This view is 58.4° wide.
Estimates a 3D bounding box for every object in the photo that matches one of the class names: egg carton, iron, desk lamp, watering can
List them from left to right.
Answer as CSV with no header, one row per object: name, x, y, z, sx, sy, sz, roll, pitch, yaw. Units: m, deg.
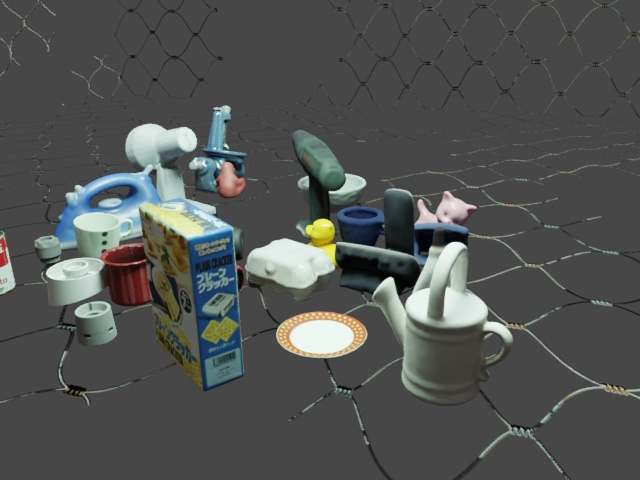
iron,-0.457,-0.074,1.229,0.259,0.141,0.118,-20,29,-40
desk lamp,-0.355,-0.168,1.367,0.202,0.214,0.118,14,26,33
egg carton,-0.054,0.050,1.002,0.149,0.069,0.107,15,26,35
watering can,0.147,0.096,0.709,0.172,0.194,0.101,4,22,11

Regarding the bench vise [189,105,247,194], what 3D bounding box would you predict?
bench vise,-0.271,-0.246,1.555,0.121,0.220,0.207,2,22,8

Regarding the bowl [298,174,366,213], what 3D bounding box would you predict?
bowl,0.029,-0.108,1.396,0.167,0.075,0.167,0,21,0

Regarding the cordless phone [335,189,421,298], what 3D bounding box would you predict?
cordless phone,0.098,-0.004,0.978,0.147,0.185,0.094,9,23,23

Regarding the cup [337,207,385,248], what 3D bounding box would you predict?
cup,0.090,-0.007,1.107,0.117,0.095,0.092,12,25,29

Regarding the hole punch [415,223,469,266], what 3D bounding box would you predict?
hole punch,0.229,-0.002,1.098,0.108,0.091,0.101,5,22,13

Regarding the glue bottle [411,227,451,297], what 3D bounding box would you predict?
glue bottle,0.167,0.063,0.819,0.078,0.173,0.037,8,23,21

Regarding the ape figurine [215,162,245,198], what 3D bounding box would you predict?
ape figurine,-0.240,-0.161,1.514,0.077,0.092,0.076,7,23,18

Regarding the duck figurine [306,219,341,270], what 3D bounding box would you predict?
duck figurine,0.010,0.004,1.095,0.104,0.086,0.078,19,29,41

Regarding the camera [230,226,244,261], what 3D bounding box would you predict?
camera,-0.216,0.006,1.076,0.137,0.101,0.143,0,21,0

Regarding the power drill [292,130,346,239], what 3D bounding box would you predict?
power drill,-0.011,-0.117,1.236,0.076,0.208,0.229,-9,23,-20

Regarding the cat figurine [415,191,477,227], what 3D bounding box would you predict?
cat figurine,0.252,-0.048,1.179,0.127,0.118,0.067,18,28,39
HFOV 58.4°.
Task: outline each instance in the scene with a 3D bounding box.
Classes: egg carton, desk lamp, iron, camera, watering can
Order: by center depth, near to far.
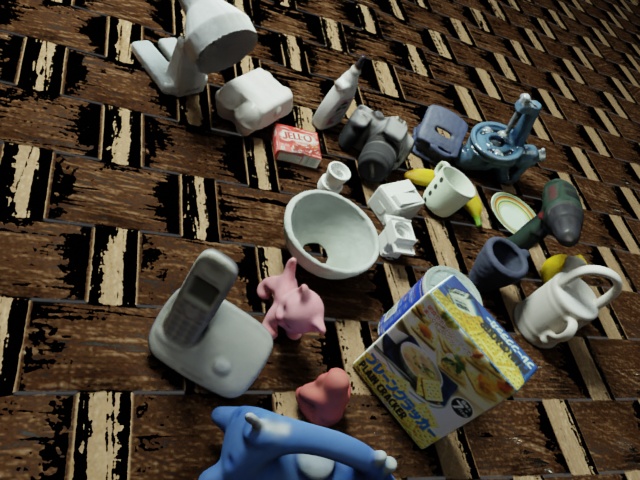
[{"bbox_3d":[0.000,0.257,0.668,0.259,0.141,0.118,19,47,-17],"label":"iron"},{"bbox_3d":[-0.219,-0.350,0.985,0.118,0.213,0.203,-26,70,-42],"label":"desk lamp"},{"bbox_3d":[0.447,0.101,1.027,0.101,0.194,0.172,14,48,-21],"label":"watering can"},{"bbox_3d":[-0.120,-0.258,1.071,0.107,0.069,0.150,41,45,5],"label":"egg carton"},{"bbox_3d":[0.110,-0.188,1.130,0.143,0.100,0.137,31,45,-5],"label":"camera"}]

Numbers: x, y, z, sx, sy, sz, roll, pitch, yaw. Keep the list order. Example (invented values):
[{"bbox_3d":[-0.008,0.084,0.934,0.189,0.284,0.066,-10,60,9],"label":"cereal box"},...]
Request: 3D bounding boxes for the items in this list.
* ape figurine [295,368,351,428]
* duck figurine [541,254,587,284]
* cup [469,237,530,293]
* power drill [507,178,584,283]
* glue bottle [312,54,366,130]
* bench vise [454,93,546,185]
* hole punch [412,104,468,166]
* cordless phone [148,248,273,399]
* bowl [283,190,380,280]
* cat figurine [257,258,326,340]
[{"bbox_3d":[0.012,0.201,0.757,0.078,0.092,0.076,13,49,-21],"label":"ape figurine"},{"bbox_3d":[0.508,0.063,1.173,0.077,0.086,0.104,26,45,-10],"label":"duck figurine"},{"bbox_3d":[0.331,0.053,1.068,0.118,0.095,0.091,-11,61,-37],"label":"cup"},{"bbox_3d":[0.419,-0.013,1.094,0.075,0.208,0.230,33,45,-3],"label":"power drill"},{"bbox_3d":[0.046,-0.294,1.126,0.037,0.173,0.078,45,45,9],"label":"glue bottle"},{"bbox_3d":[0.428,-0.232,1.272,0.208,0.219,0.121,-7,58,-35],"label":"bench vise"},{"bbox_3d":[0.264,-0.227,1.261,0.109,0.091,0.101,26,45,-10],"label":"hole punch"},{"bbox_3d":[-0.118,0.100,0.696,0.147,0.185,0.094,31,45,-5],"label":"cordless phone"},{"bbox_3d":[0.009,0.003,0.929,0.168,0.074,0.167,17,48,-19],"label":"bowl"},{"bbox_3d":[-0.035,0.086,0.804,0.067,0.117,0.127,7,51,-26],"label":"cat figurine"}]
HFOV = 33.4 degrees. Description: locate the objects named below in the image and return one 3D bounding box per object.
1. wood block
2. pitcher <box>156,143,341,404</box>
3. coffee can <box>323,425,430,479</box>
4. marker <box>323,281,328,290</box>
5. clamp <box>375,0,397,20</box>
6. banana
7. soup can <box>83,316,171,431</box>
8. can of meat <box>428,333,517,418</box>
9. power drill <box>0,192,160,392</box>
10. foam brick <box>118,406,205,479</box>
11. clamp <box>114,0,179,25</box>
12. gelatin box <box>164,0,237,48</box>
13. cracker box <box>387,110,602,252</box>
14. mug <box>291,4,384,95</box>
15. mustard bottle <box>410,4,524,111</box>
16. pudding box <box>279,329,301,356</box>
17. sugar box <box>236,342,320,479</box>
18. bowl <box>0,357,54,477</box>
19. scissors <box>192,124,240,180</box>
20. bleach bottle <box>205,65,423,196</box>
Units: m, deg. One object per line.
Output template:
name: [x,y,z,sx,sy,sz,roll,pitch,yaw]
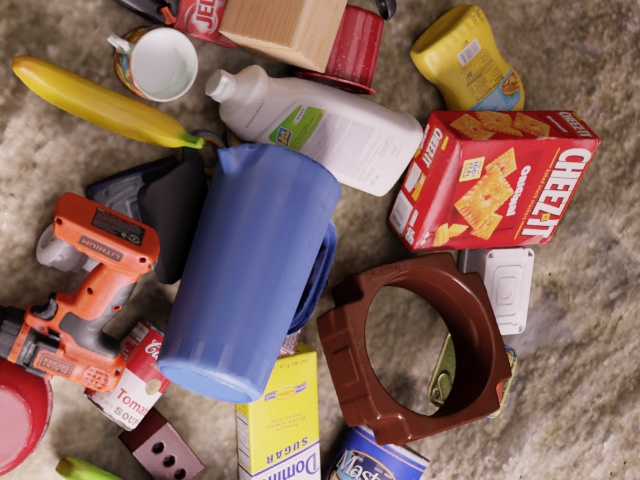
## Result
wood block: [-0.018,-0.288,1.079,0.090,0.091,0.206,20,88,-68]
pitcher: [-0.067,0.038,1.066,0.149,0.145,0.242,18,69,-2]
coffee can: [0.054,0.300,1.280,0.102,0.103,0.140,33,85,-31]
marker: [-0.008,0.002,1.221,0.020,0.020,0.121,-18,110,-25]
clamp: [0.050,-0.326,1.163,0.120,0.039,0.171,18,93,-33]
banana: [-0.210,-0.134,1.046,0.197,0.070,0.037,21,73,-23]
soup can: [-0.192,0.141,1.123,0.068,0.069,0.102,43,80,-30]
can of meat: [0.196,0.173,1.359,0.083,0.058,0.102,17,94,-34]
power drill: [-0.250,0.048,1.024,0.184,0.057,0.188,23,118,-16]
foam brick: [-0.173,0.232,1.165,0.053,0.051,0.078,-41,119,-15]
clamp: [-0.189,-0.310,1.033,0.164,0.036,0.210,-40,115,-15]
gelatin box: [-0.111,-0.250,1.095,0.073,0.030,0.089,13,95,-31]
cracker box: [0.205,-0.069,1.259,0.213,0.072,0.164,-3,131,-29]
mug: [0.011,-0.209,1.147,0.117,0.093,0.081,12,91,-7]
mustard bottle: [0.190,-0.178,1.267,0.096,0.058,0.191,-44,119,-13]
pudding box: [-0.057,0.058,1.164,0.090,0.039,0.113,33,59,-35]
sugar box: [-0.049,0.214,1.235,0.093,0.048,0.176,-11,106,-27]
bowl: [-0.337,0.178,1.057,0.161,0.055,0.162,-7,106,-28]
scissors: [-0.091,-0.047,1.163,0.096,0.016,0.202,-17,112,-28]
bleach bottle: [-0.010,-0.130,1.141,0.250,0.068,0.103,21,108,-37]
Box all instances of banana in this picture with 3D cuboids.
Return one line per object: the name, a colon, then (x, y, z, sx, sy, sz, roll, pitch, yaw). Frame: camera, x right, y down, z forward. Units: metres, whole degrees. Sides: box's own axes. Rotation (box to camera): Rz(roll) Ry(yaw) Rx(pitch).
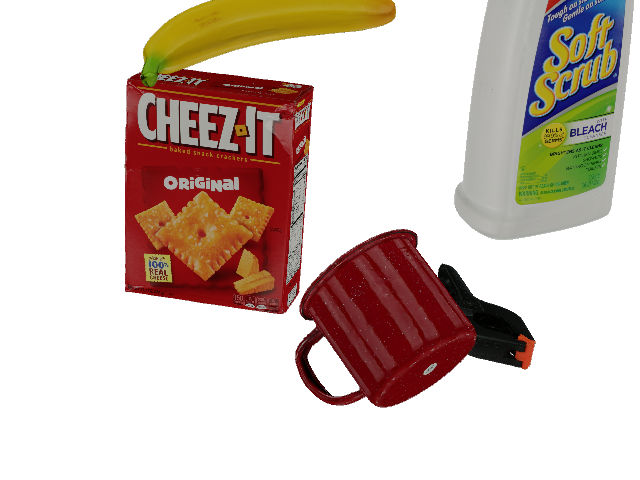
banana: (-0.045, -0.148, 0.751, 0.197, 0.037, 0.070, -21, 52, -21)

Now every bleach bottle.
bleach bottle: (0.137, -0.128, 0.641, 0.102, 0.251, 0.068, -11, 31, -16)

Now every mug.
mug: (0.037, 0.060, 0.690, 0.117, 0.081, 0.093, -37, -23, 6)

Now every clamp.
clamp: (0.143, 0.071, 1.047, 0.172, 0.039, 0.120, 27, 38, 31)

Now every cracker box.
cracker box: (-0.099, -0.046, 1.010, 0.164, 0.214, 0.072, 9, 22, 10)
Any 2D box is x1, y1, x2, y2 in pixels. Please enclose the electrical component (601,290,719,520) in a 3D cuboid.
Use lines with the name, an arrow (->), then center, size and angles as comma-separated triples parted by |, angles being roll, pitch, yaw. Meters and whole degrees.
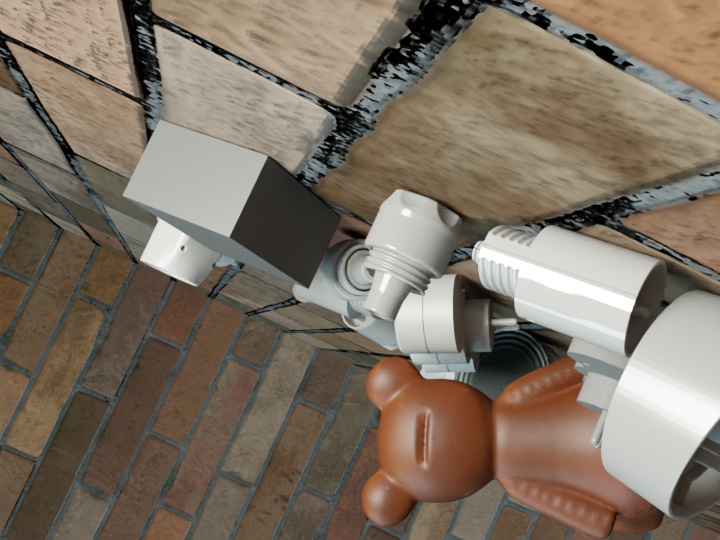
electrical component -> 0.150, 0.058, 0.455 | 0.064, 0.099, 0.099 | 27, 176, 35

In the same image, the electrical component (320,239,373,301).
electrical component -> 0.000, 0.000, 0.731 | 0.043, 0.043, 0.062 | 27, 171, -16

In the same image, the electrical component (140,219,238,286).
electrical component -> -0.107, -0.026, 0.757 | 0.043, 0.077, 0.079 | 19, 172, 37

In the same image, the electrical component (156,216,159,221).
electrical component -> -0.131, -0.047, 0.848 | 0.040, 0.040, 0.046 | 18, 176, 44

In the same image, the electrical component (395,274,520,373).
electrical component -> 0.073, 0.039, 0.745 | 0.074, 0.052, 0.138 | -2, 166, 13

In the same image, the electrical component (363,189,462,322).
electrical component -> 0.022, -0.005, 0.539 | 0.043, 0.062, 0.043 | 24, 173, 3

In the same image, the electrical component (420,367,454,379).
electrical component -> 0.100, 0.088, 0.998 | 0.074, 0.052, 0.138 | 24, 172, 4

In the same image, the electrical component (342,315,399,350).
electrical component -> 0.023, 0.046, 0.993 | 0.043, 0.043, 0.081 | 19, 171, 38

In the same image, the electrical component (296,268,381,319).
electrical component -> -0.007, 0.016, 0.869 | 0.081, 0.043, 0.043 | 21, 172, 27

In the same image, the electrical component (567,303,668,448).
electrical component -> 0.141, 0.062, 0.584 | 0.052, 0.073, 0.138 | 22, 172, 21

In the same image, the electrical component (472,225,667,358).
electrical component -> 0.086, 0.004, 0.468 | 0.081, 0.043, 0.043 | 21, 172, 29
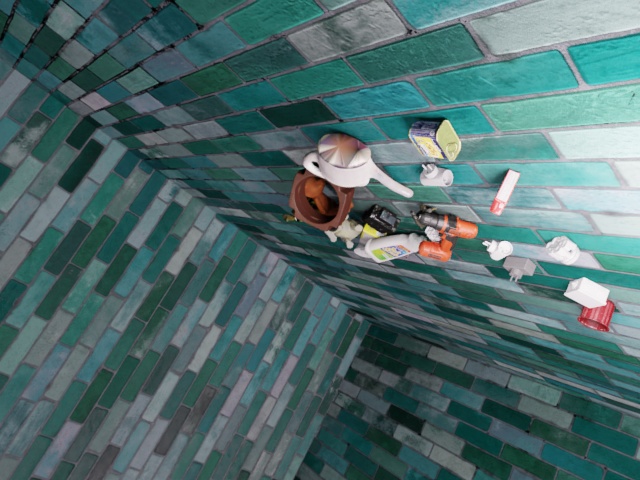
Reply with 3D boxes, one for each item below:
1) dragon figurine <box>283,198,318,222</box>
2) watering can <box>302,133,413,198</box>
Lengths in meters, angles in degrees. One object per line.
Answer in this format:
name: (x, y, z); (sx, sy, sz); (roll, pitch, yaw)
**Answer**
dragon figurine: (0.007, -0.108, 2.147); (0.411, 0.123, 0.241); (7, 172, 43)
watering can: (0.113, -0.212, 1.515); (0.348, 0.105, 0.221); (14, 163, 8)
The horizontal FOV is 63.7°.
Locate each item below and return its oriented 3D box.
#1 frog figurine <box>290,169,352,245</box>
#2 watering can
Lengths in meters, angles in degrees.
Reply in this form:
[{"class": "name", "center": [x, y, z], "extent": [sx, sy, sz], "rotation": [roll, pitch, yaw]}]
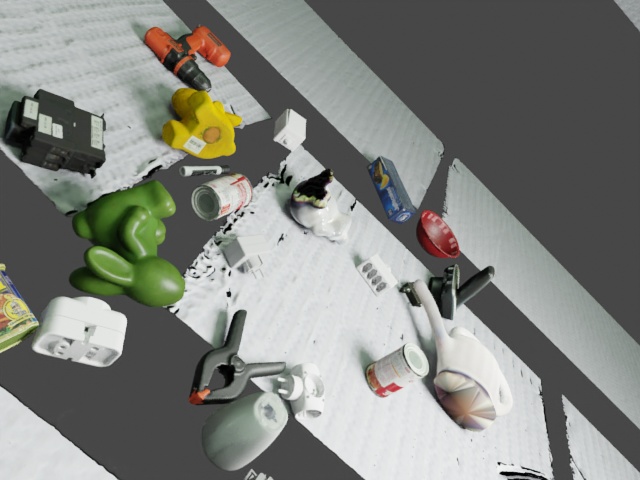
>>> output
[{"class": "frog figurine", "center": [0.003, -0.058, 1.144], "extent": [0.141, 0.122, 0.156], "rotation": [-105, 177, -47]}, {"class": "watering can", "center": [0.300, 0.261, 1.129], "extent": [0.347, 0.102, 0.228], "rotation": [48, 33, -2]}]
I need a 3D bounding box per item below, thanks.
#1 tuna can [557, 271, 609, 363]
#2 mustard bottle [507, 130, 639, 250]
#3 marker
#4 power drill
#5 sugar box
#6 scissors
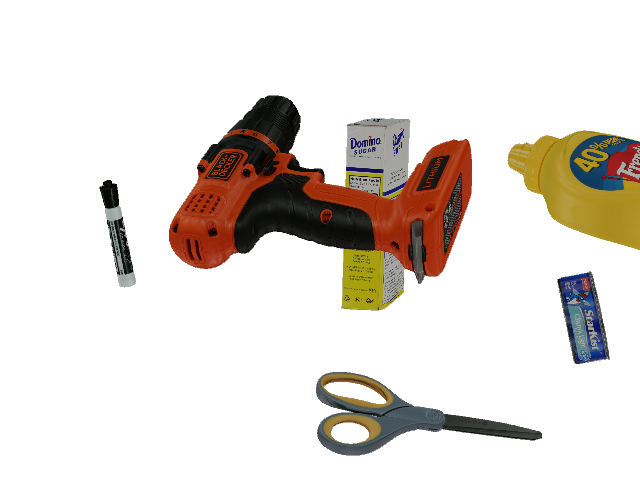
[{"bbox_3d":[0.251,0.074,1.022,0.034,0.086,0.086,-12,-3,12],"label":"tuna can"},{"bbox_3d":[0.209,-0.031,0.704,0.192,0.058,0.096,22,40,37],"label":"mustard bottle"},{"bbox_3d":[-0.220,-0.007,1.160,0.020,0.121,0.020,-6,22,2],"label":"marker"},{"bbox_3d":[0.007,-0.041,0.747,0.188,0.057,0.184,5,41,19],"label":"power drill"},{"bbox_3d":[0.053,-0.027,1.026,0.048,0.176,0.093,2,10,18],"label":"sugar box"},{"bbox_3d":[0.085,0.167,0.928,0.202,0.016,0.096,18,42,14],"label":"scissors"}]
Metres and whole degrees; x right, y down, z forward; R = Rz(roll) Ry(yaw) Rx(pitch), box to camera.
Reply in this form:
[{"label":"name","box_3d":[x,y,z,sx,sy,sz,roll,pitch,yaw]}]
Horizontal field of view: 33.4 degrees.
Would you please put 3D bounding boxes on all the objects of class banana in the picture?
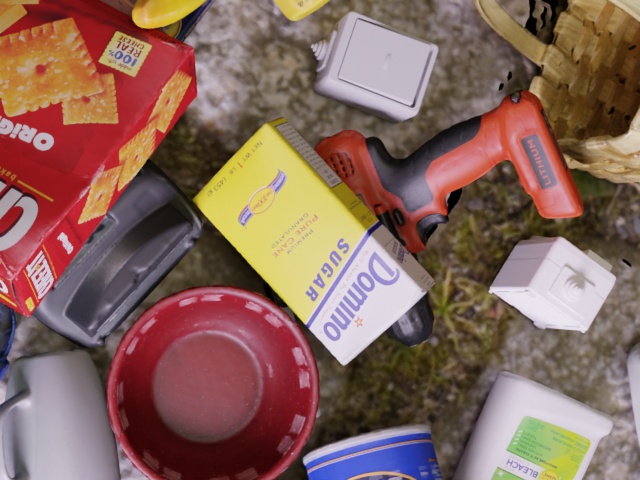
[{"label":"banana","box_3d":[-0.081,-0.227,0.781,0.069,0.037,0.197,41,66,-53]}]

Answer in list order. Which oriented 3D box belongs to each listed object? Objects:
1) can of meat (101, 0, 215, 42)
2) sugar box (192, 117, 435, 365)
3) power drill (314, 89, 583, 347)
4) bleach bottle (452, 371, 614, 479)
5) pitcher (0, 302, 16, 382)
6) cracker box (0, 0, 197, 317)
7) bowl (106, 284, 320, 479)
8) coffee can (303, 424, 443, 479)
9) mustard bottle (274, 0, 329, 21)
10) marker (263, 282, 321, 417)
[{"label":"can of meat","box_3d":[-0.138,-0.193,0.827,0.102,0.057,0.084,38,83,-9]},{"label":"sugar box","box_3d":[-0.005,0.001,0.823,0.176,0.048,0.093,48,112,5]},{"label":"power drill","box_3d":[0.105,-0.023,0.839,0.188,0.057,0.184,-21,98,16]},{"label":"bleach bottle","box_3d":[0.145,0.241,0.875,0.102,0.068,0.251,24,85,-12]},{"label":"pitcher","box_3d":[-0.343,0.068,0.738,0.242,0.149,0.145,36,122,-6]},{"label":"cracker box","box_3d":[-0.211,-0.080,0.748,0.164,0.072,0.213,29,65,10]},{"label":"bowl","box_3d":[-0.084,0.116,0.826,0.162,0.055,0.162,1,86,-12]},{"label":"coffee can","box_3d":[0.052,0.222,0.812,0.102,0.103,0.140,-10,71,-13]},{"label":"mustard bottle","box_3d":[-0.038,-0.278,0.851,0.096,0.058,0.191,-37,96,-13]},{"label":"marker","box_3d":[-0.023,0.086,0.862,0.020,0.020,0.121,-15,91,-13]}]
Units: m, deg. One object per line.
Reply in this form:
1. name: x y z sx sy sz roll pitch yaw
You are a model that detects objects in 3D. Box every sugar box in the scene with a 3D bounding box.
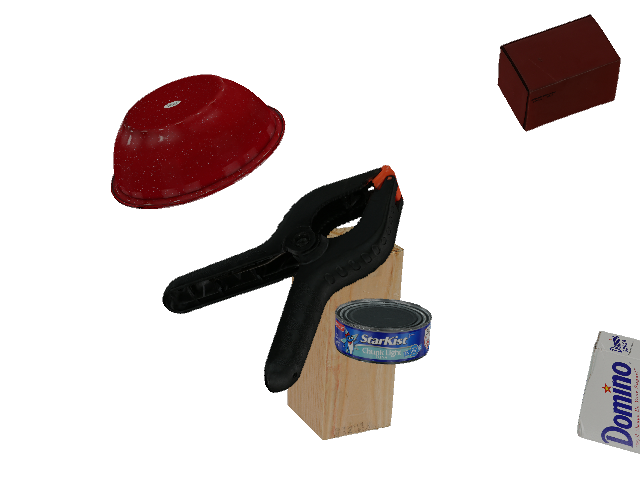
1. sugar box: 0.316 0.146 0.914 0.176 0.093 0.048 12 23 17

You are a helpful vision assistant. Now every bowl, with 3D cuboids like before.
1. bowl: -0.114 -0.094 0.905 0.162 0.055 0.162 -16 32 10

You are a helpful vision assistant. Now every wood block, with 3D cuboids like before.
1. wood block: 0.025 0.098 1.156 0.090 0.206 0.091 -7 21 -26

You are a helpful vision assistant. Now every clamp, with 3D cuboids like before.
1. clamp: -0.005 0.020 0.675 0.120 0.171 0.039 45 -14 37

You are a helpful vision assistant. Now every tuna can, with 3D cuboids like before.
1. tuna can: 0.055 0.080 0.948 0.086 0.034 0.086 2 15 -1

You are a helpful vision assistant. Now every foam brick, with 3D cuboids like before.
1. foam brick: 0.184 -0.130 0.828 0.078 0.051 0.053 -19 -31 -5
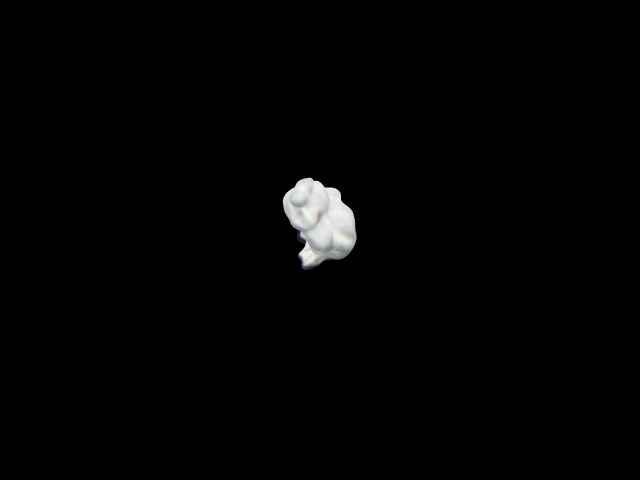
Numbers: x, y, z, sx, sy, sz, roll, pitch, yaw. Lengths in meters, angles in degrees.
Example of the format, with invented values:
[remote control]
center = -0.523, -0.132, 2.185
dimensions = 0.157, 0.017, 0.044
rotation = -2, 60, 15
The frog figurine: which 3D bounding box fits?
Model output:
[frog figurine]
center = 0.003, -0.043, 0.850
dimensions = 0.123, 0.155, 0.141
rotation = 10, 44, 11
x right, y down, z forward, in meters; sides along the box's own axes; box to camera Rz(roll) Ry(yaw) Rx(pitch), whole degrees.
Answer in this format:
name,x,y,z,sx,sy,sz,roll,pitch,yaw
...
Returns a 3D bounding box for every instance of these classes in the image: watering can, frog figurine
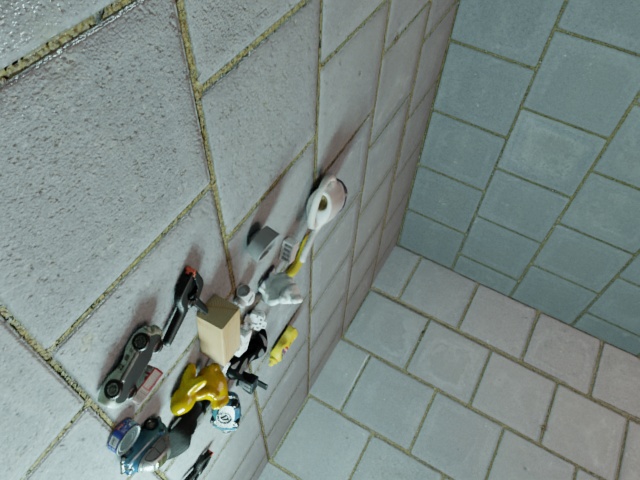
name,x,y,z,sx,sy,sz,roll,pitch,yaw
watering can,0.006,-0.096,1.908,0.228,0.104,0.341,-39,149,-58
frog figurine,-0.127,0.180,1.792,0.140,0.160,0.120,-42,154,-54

____

- _WHAT IS EXPECTED_:
Please copy the lines above from the line with "5. clamp <box>375,0,397,20</box>" up to and including the line with "13. cracker box <box>387,110,602,252</box>", exactly as written and with nothing else.

- _RESPONSE AREA_:
5. clamp <box>375,0,397,20</box>
6. banana
7. soup can <box>83,316,171,431</box>
8. can of meat <box>428,333,517,418</box>
9. power drill <box>0,192,160,392</box>
10. foam brick <box>118,406,205,479</box>
11. clamp <box>114,0,179,25</box>
12. gelatin box <box>164,0,237,48</box>
13. cracker box <box>387,110,602,252</box>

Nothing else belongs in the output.